Directions for this task:
Go through the entries below and give the number of lines that have the string "values", and only that.

(Extracted data entries)
BEGIN

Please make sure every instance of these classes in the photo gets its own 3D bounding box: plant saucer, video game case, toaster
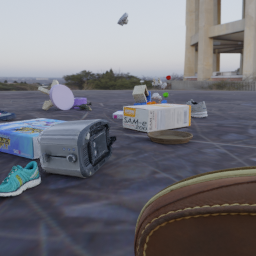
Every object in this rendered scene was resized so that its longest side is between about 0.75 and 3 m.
[{"bbox_3d":[1.056,0.228,7.072,1.136,0.167,1.136,1,9,0],"label":"plant saucer"},{"bbox_3d":[-2.086,0.155,6.554,2.102,0.478,1.905,6,12,34],"label":"video game case"},{"bbox_3d":[-0.853,0.277,4.742,0.917,0.807,1.420,1,15,18],"label":"toaster"}]

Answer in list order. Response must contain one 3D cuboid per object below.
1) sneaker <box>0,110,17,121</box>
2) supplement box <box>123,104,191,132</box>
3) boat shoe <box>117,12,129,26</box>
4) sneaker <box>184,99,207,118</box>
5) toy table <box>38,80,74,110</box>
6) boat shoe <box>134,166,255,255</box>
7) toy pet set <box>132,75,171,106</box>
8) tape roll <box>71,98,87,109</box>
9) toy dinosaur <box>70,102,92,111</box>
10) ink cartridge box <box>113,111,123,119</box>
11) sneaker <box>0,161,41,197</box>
[{"bbox_3d":[-5.040,-0.589,10.570,1.532,0.628,0.537,-3,10,-18],"label":"sneaker"},{"bbox_3d":[0.940,-0.363,8.949,1.921,0.706,1.210,-7,12,-37],"label":"supplement box"},{"bbox_3d":[-0.122,-3.961,10.304,0.311,0.316,0.890,28,-10,-19],"label":"boat shoe"},{"bbox_3d":[2.670,-0.889,12.048,0.671,0.737,1.797,-8,12,-38],"label":"sneaker"},{"bbox_3d":[-3.689,-1.650,14.372,1.070,1.679,1.827,14,-22,26],"label":"toy table"},{"bbox_3d":[1.249,0.779,1.404,2.580,0.929,0.871,5,8,14],"label":"boat shoe"},{"bbox_3d":[1.385,-1.634,15.706,2.195,1.249,2.351,-3,46,23],"label":"toy pet set"},{"bbox_3d":[-2.989,-1.422,15.912,1.266,0.538,1.266,0,10,0],"label":"tape roll"},{"bbox_3d":[-2.336,-1.126,14.739,1.618,0.384,0.713,4,16,43],"label":"toy dinosaur"},{"bbox_3d":[-0.193,-0.554,11.611,0.663,0.233,1.110,2,13,9],"label":"ink cartridge box"},{"bbox_3d":[-1.529,0.684,3.764,0.336,0.345,0.867,3,11,20],"label":"sneaker"}]
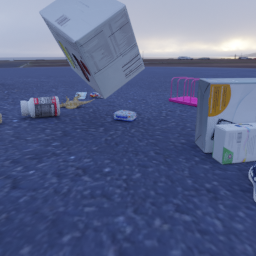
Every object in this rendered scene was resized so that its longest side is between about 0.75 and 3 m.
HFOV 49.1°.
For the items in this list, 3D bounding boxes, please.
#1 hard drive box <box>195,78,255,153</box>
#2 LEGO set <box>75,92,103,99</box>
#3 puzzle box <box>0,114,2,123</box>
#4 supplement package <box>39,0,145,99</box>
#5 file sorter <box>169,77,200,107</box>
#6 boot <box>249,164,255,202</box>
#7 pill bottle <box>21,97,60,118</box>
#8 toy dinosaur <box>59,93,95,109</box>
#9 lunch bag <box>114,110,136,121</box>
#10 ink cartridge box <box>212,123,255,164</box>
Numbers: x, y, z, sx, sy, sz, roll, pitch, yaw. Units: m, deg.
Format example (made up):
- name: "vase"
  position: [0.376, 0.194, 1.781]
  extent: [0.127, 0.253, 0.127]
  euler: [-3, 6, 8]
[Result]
- name: "hard drive box"
  position: [3.253, -0.384, 7.791]
  extent: [2.494, 1.944, 0.958]
  euler: [-2, 16, -4]
- name: "LEGO set"
  position: [-2.144, -2.060, 16.641]
  extent: [1.982, 0.486, 1.481]
  euler: [-1, 19, -3]
- name: "puzzle box"
  position: [-6.331, -0.145, 9.840]
  extent: [1.964, 0.375, 2.952]
  euler: [9, 18, 28]
- name: "supplement package"
  position: [-1.171, -2.997, 9.738]
  extent: [1.964, 2.670, 2.553]
  euler: [-39, 54, -10]
- name: "file sorter"
  position: [3.391, -1.968, 14.704]
  extent: [1.431, 1.292, 2.060]
  euler: [-10, 18, -34]
- name: "boot"
  position: [2.769, 0.856, 5.570]
  extent: [0.594, 0.738, 1.633]
  euler: [5, 16, 17]
- name: "pill bottle"
  position: [-3.624, -0.855, 11.579]
  extent: [1.485, 0.822, 0.822]
  euler: [-6, 17, -22]
- name: "toy dinosaur"
  position: [-2.572, -1.214, 13.698]
  extent: [2.146, 0.624, 1.085]
  euler: [-7, 31, 4]
- name: "lunch bag"
  position: [-0.139, -0.480, 11.180]
  extent: [0.864, 0.327, 0.693]
  euler: [6, 19, 19]
- name: "ink cartridge box"
  position: [2.815, 0.370, 7.036]
  extent: [1.227, 0.891, 0.537]
  euler: [-4, 16, -13]
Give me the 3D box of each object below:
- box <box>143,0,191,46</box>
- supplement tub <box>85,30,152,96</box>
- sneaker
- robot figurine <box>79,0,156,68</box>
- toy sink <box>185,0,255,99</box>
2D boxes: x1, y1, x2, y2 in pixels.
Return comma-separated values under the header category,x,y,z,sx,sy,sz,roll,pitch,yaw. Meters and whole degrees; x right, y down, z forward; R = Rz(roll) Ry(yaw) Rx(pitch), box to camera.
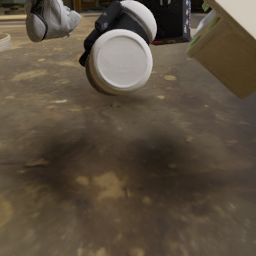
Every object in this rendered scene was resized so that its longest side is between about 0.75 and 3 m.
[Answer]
category,x,y,z,sx,sy,sz,roll,pitch,yaw
box,1.436,-4.416,10.273,1.514,2.477,1.313,1,9,24
supplement tub,-0.265,-1.246,5.738,1.170,1.170,1.667,-6,6,-12
sneaker,-1.910,-3.311,7.260,1.266,2.203,0.828,-12,42,-38
robot figurine,-0.275,-2.322,7.563,2.316,1.445,1.740,-52,14,-8
toy sink,2.270,-2.076,6.249,2.364,1.325,1.541,38,53,-11
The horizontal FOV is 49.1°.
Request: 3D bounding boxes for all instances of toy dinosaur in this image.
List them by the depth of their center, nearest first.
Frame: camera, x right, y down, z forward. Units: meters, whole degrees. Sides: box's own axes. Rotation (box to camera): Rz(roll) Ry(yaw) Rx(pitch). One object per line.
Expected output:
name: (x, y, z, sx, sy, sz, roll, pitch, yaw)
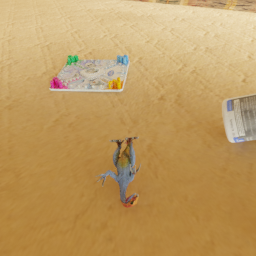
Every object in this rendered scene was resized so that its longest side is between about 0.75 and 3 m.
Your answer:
toy dinosaur: (0.035, 1.022, 6.682, 0.921, 1.592, 1.754, -8, -7, 23)

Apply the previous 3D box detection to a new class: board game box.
board game box: (-1.522, -2.425, 11.893, 2.927, 0.379, 2.927, 2, 37, 6)

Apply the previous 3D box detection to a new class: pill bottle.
pill bottle: (3.911, -0.373, 7.727, 2.313, 1.316, 1.316, -10, 30, 28)
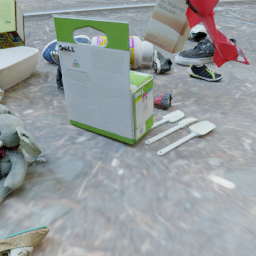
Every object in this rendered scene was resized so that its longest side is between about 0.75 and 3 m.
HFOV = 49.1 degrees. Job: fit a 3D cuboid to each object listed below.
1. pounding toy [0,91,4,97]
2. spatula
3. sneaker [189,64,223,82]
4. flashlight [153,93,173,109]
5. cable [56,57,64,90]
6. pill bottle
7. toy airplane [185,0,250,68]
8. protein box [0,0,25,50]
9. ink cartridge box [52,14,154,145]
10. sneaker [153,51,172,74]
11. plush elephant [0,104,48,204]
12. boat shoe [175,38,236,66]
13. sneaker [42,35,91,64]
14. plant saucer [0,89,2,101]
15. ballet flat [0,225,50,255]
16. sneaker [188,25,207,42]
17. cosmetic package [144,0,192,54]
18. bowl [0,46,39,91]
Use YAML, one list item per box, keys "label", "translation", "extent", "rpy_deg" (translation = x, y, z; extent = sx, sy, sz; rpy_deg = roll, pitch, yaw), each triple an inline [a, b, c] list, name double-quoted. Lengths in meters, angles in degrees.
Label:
- label: "pounding toy"
  translation: [-5.099, -0.513, 7.925]
  extent: [2.859, 1.640, 1.635]
  rpy_deg: [9, 5, -2]
- label: "spatula"
  translation: [1.202, 0.058, 7.538]
  extent: [2.060, 0.165, 1.433]
  rpy_deg: [-24, 40, -32]
- label: "sneaker"
  translation: [2.928, -2.113, 10.577]
  extent: [1.300, 0.538, 0.466]
  rpy_deg: [13, 35, 20]
- label: "flashlight"
  translation: [0.656, -0.979, 8.871]
  extent: [1.447, 0.492, 0.490]
  rpy_deg: [16, 14, 24]
- label: "cable"
  translation: [-1.552, -2.222, 9.990]
  extent: [1.947, 0.606, 2.386]
  rpy_deg: [-4, 54, 2]
- label: "pill bottle"
  translation: [-0.232, -3.088, 11.428]
  extent: [2.420, 1.261, 1.261]
  rpy_deg: [-3, 33, -4]
- label: "toy airplane"
  translation: [1.766, -2.363, 6.118]
  extent: [0.480, 2.608, 2.608]
  rpy_deg: [-33, 39, -3]
- label: "protein box"
  translation: [-3.576, -2.899, 7.904]
  extent: [1.080, 0.734, 1.088]
  rpy_deg: [-9, 72, -1]
- label: "ink cartridge box"
  translation: [-0.522, -1.309, 7.002]
  extent: [2.172, 2.939, 1.113]
  rpy_deg: [17, 36, 28]
- label: "sneaker"
  translation: [1.420, -2.708, 11.541]
  extent: [0.762, 0.560, 1.684]
  rpy_deg: [2, 36, -2]
- label: "plush elephant"
  translation: [-2.587, 0.411, 5.718]
  extent: [1.606, 1.509, 1.949]
  rpy_deg: [27, 42, 36]
- label: "boat shoe"
  translation: [3.460, -3.405, 12.184]
  extent: [2.962, 0.981, 1.036]
  rpy_deg: [-8, 34, -13]
- label: "sneaker"
  translation: [-2.575, -2.869, 11.422]
  extent: [2.302, 0.927, 1.685]
  rpy_deg: [-13, 48, 13]
- label: "plant saucer"
  translation: [-4.466, -1.024, 8.803]
  extent: [0.960, 0.241, 0.960]
  rpy_deg: [-1, 58, 1]
- label: "ballet flat"
  translation: [-1.958, 1.960, 4.379]
  extent: [1.492, 0.526, 0.487]
  rpy_deg: [-12, 60, -13]
- label: "sneaker"
  translation: [3.237, -5.242, 15.196]
  extent: [2.219, 0.837, 1.277]
  rpy_deg: [5, 31, 3]
- label: "cosmetic package"
  translation: [1.418, -3.406, 8.144]
  extent: [1.107, 2.141, 0.934]
  rpy_deg: [30, 32, 17]
- label: "bowl"
  translation: [-4.899, -2.223, 10.321]
  extent: [2.713, 1.014, 2.717]
  rpy_deg: [11, 35, 16]
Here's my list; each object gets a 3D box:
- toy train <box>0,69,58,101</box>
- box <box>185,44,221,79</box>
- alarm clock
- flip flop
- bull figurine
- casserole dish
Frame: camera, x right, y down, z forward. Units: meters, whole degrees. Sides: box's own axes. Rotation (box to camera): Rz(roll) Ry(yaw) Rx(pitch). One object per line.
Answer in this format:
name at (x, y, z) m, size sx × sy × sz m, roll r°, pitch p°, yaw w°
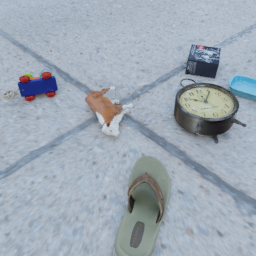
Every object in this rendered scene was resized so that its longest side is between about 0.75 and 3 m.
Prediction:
toy train at (-3.871, -1.684, 10.638) m, size 2.217 × 0.938 × 1.283 m, roll -13°, pitch 34°, yaw -13°
box at (3.205, -2.860, 11.927) m, size 1.276 × 0.729 × 1.401 m, roll 12°, pitch 45°, yaw 11°
alarm clock at (2.506, -0.819, 9.585) m, size 2.023 × 0.998 × 2.999 m, roll -8°, pitch 46°, yaw -8°
flip flop at (0.393, 1.801, 6.915) m, size 1.185 × 0.841 × 2.921 m, roll 11°, pitch 45°, yaw 12°
bull figurine at (-0.632, -0.637, 9.604) m, size 1.351 × 0.725 × 2.226 m, roll -20°, pitch 49°, yaw -24°
casserole dish at (4.756, -1.472, 10.738) m, size 1.864 × 0.362 × 1.129 m, roll 22°, pitch 48°, yaw 22°
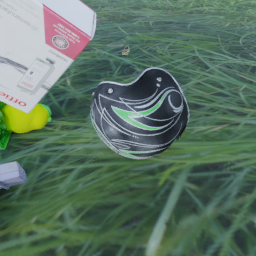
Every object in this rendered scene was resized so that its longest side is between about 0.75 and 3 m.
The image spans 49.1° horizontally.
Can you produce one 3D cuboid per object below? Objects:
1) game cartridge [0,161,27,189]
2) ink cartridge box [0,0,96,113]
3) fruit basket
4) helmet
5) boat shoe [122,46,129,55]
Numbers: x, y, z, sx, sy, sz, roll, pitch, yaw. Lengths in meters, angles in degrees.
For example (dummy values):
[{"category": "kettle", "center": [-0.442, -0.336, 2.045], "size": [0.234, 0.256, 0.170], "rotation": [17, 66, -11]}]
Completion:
[{"category": "game cartridge", "center": [-3.335, 1.197, 5.510], "size": [2.439, 0.468, 1.581], "rotation": [-12, -7, -17]}, {"category": "ink cartridge box", "center": [-2.234, -1.739, 5.786], "size": [1.976, 2.698, 1.117], "rotation": [28, 42, -30]}, {"category": "fruit basket", "center": [-3.563, -0.522, 8.061], "size": [2.523, 1.820, 2.523], "rotation": [-14, 34, 10]}, {"category": "helmet", "center": [0.199, -0.304, 7.084], "size": [2.138, 2.243, 2.243], "rotation": [-29, 41, -19]}, {"category": "boat shoe", "center": [-0.123, -4.047, 14.674], "size": [0.334, 0.286, 0.911], "rotation": [4, 33, 7]}]
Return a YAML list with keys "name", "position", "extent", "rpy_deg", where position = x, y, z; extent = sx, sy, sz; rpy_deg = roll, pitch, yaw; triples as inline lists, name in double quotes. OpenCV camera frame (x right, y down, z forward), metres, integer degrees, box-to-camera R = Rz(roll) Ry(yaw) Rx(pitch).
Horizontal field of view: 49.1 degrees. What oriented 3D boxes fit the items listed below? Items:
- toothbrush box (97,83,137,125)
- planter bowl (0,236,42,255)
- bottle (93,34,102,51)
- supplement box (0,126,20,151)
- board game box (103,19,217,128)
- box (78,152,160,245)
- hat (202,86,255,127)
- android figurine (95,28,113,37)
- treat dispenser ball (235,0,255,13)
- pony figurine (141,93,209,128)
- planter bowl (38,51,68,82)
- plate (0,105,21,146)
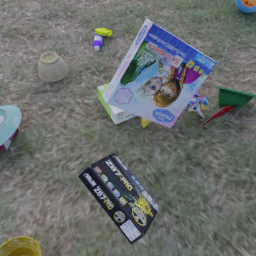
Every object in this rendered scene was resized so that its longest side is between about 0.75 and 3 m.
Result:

END

Exercise output:
2